I have highlighted some parts in bold.
Hope this helps.
In some datasets, the prediction error between classes is very high unbalanced. Some classes have low prediction errors, others high. This usually happens when one class is much larger than another. then random forests, trying to minimize the overall error rate, low error rate on a large class, allowing smaller classes have a higher error rate. For example, when drugs are detected where this molecule is classified as active or not, usually the number of assets is 10-1, up to 100 to 1. In these situations, the error rate on an interesting class (assets) will be very high.

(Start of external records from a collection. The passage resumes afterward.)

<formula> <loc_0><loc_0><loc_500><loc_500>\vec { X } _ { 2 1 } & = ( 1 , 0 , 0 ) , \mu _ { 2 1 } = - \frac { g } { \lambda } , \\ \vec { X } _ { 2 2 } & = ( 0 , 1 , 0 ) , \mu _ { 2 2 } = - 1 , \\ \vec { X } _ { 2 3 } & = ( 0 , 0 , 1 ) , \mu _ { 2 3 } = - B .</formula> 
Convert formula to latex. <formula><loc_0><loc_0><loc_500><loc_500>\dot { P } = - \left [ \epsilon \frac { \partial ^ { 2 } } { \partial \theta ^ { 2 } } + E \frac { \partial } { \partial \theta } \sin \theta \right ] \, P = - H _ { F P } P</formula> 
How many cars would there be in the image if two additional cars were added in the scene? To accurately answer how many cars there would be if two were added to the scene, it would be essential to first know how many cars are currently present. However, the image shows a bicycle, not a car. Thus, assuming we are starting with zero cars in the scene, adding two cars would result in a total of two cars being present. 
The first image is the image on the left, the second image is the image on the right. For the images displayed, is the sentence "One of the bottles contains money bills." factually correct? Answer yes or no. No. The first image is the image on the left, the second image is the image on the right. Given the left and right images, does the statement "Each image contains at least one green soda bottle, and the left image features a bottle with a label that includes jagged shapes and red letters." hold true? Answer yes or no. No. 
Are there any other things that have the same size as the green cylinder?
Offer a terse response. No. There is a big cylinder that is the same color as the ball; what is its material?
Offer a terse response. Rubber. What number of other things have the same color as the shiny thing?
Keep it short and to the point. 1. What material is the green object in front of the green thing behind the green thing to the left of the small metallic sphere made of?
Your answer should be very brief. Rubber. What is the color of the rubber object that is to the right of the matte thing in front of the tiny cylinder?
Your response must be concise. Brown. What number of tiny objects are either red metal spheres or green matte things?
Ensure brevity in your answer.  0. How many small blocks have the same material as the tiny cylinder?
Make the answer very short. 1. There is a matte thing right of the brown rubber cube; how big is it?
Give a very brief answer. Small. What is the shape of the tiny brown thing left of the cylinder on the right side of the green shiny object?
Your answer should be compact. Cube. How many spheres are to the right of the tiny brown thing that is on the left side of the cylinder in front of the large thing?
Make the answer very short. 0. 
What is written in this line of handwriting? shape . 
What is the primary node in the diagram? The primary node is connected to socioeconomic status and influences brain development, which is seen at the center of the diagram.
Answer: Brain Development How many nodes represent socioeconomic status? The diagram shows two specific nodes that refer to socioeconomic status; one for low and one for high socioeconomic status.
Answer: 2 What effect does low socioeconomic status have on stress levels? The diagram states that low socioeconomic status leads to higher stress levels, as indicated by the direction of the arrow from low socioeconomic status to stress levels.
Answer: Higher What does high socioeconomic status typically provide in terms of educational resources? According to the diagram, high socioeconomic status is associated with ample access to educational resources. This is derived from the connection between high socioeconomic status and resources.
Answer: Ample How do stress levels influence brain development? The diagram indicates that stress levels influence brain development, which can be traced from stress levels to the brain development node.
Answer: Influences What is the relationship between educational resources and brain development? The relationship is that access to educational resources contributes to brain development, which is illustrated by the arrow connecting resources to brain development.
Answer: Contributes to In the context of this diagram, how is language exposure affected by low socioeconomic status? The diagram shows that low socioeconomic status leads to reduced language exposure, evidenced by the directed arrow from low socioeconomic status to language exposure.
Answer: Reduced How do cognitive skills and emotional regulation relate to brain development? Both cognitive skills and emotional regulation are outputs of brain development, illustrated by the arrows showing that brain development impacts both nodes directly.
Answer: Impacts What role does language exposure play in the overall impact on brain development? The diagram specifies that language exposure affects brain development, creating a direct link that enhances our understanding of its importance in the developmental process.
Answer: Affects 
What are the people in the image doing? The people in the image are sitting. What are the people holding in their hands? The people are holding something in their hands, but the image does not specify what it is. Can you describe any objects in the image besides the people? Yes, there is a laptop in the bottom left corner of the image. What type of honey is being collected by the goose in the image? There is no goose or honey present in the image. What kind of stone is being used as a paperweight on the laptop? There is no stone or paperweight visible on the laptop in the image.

The user can detect an imbalance, gives error rates for individual classes. To illustrate 20-dimensional synthetic data used. Class 1 is found in one spherical Gaussian, class 2 - in another. A training kit is created from 1000 classes 1 and 50 of class 2, together with a test set of 5000 classes 1 and 250 of class 2.
The final conclusion of the forest of 500 trees according to these data:
500 3.7 0.0 78.4
There is a low overall test case error (3.73%), but class 2 has more than 3/4 of its cases are mistakenly classified.
Error balancing can be done by setting different weights for classes.
The higher the weight specified by the class, the more its error rate decreases. A guide as to what weights to give is to make them inversely proportional to the class populations. . Thus, the set weights are 1 in classes 1 and 20 in class 2, and run again. Output:
500 12.1 12.7 0.0
Weight 20 to class 2 is too high. Set it to 10 and try again, getting:
500 4.3 4.2 5.2
This is pretty close to balance. If an exact balance is required, the weight in the 2nd grade could have been a bit shaky.
Please note that upon receiving this balance, the overall error rate has increased. This is a common result - in order to get a better balance, the total bet error will be increased.